┌─ Extracted data

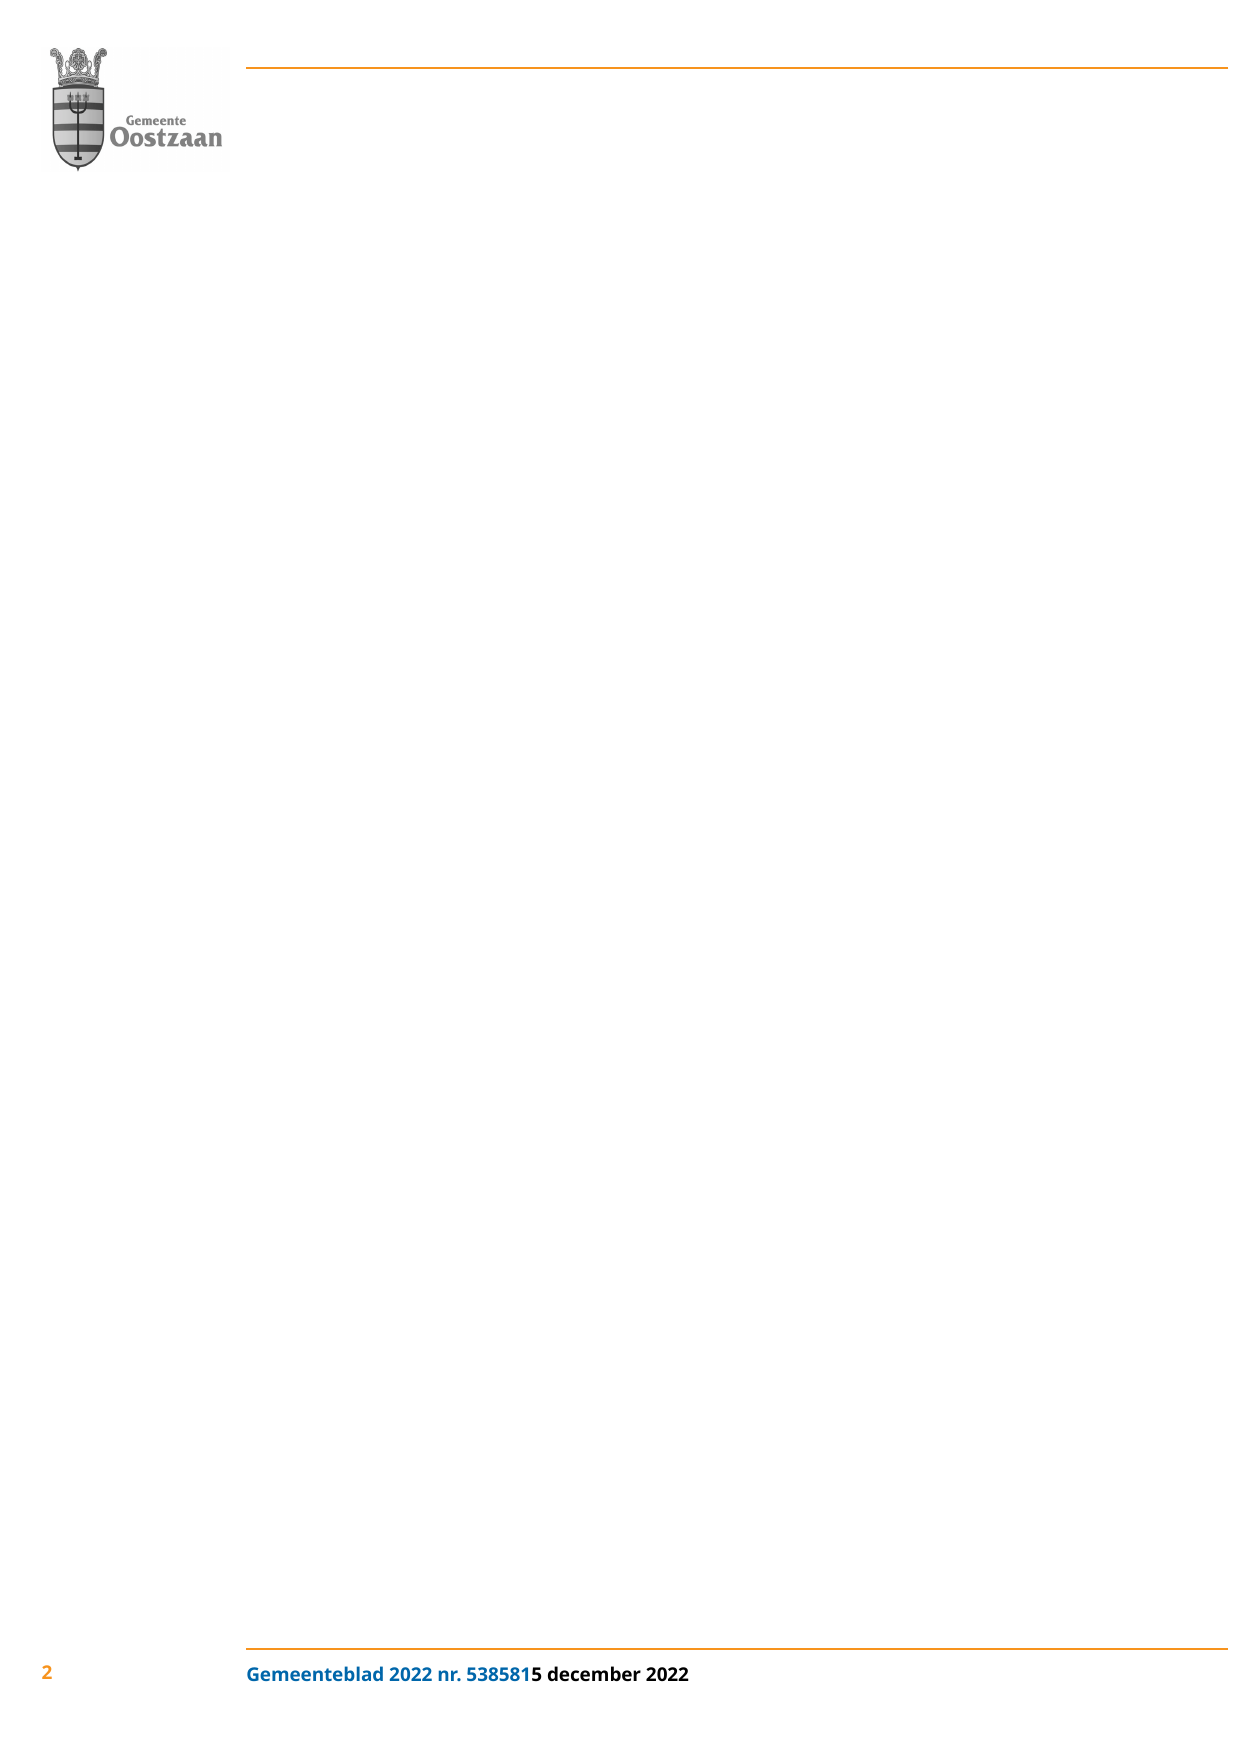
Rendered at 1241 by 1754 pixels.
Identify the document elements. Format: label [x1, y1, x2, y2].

picture [41, 47, 231, 172]
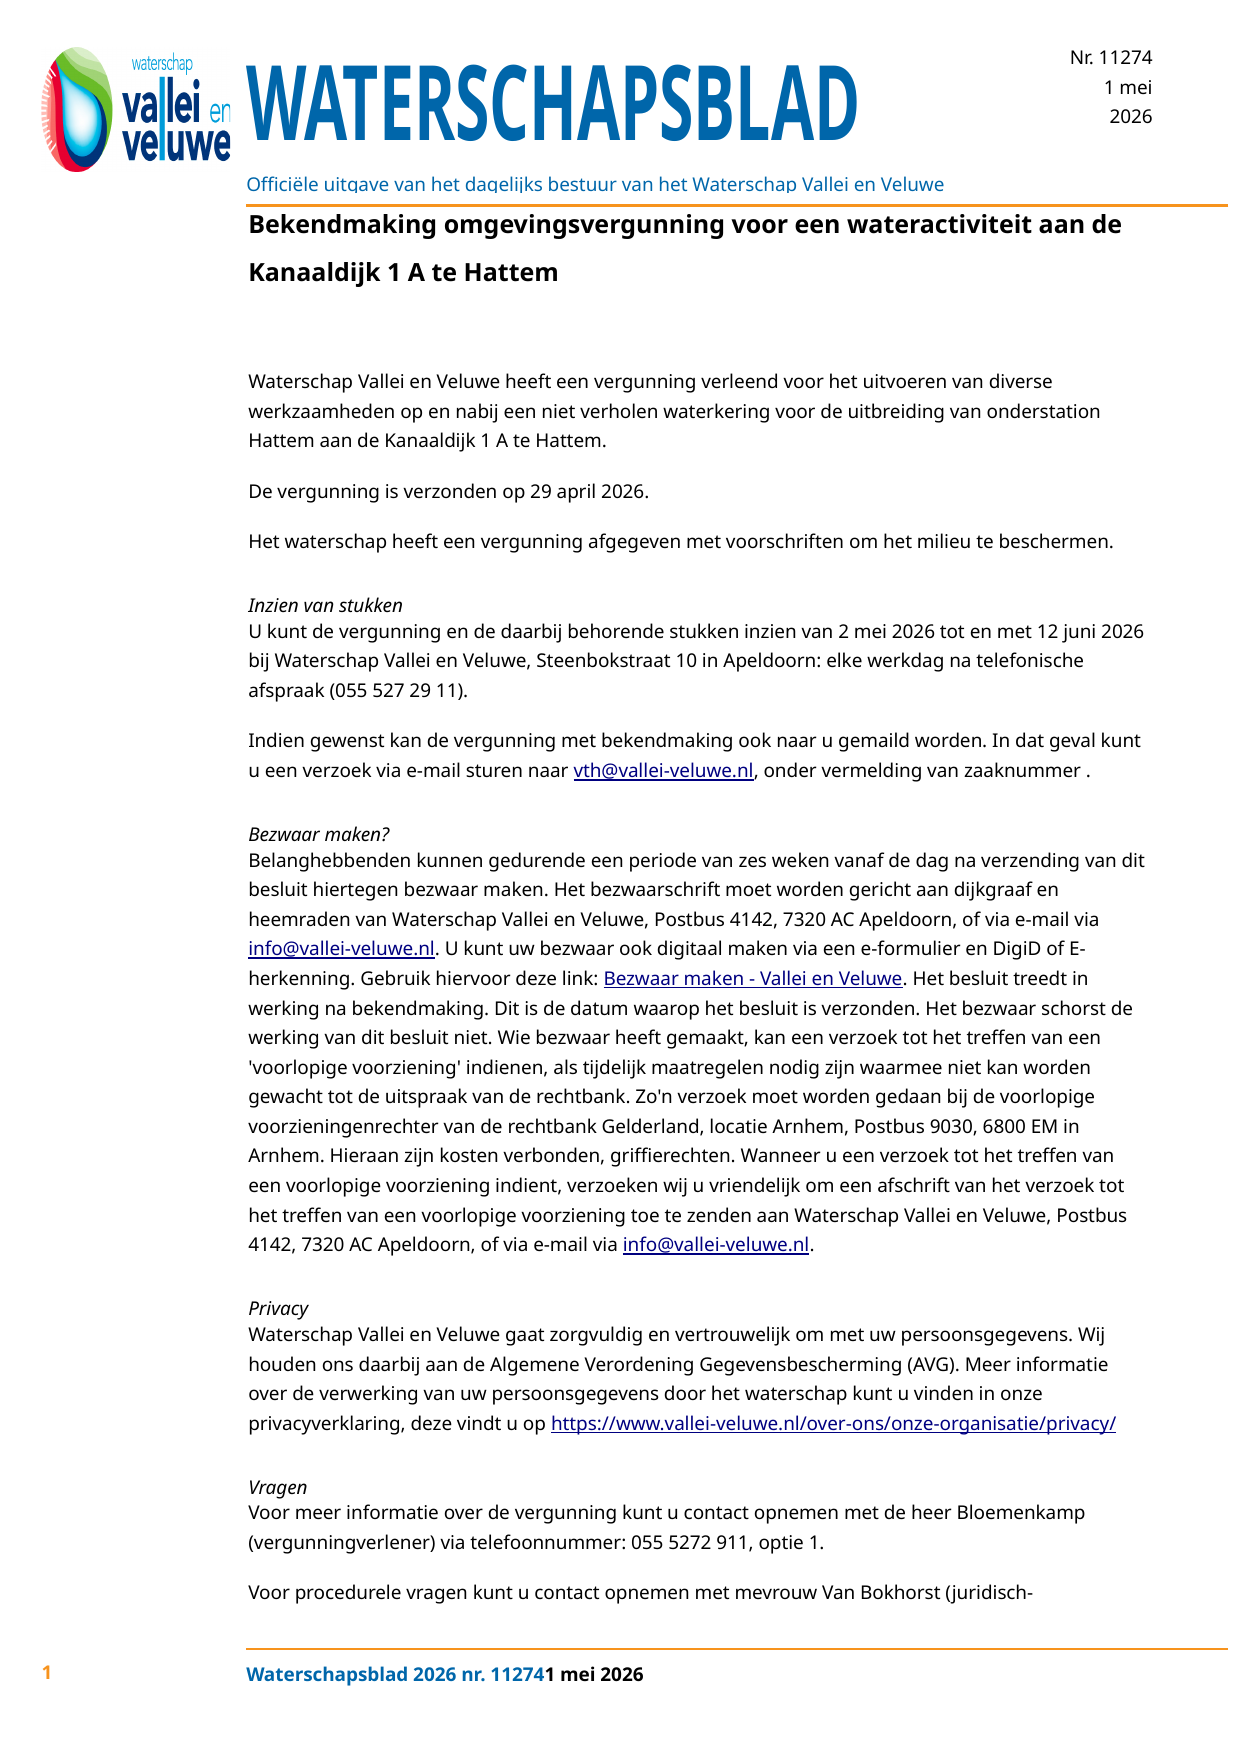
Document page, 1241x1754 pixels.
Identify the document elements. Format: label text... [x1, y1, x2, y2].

text Voor meer informatie over de vergunning kunt u contact opnemen met de heer Bloemenkamp (vergunningverlener) via telefoonnummer: 055 5272 911, optie 1. [248, 1499, 1152, 1555]
text Bekendmaking omgevingsvergunning voor een wateractiviteit aan de Kanaaldijk 1 A te Hattem [248, 207, 1152, 288]
text Privacy [248, 1295, 1152, 1321]
picture [41, 47, 231, 172]
text Bezwaar maken? [248, 821, 1152, 847]
text Voor procedurele vragen kunt u contact opnemen met mevrouw Van Bokhorst (juridisch- [248, 1579, 1152, 1605]
text U kunt de vergunning en de daarbij behorende stukken inzien van 2 mei 2026 tot en met 12 juni 2026 bij Waterschap Vallei en Veluwe, Steenbokstraat 10 in Apeldoorn: elke werkdag na telefonische afspraak (055 527 29 11). [248, 618, 1152, 703]
text Belanghebbenden kunnen gedurende een periode van zes weken vanaf de dag na verzending van dit besluit hiertegen bezwaar maken. Het bezwaarschrift moet worden gericht aan dijkgraaf en heemraden van Waterschap Vallei en Veluwe, Postbus 4142, 7320 AC Apeldoorn, of via e-mail via info@vallei-veluwe.nl. U kunt uw bezwaar ook digitaal maken via een e-formulier en DigiD of E-herkenning. Gebruik hiervoor deze link: Bezwaar maken - Vallei en Veluwe. Het besluit treedt in werking na bekendmaking. Dit is de datum waarop het besluit is verzonden. Het bezwaar schorst de werking van dit besluit niet. Wie bezwaar heeft gemaakt, kan een verzoek tot het treffen van een 'voorlopige voorziening' indienen, als tijdelijk maatregelen nodig zijn waarmee niet kan worden gewacht tot de uitspraak van de rechtbank. Zo'n verzoek moet worden gedaan bij de voorlopige voorzieningenrechter van de rechtbank Gelderland, locatie Arnhem, Postbus 9030, 6800 EM in Arnhem. Hieraan zijn kosten verbonden, griffierechten. Wanneer u een verzoek tot het treffen van een voorlopige voorziening indient, verzoeken wij u vriendelijk om een afschrift van het verzoek tot het treffen van een voorlopige voorziening toe te zenden aan Waterschap Vallei en Veluwe, Postbus 4142, 7320 AC Apeldoorn, of via e-mail via info@vallei-veluwe.nl. [248, 847, 1152, 1257]
text Indien gewenst kan de vergunning met bekendmaking ook naar u gemaild worden. In dat geval kunt u een verzoek via e-mail sturen naar vth@vallei-veluwe.nl, onder vermelding van zaaknummer . [248, 728, 1152, 783]
text Waterschap Vallei en Veluwe gaat zorgvuldig en vertrouwelijk om met uw persoonsgegevens. Wij houden ons daarbij aan de Algemene Verordening Gegevensbescherming (AVG). Meer informatie over de verwerking van uw persoonsgegevens door het waterschap kunt u vinden in onze privacyverklaring, deze vindt u op https://www.vallei-veluwe.nl/over-ons/onze-organisatie/privacy/ [248, 1321, 1152, 1436]
text Waterschap Vallei en Veluwe heeft een vergunning verleend voor het uitvoeren van diverse werkzaamheden op en nabij een niet verholen waterkering voor de uitbreiding van onderstation Hattem aan de Kanaaldijk 1 A te Hattem. [248, 368, 1152, 453]
text Het waterschap heeft een vergunning afgegeven met voorschriften om het milieu te beschermen. [248, 528, 1152, 554]
text De vergunning is verzonden op 29 april 2026. [248, 478, 1152, 504]
text Vragen [248, 1474, 1152, 1499]
text Inzien van stukken [248, 592, 1152, 618]

└─

# [Task directions]
Restate the data word for word from its first line through the line with "text Bekendmaking omgevingsvergunning", leaving out any picture along the way.

# [Task solution]
Rendered at 1241 by 1754 pixels.
Identify the document elements. Format: label [x1, y1, x2, y2].

picture [41, 47, 231, 172]
Document page, 1241x1754 pixels.
Identify the document elements. Format: label text... [x1, y1, x2, y2].

text Voor meer informatie over de vergunning kunt u contact opnemen met de heer Bloemenkamp (vergunningverlener) via telefoonnummer: 055 5272 911, optie 1. [248, 1499, 1152, 1555]
text Bekendmaking omgevingsvergunning voor een wateractiviteit aan de Kanaaldijk 1 A te Hattem [248, 207, 1152, 288]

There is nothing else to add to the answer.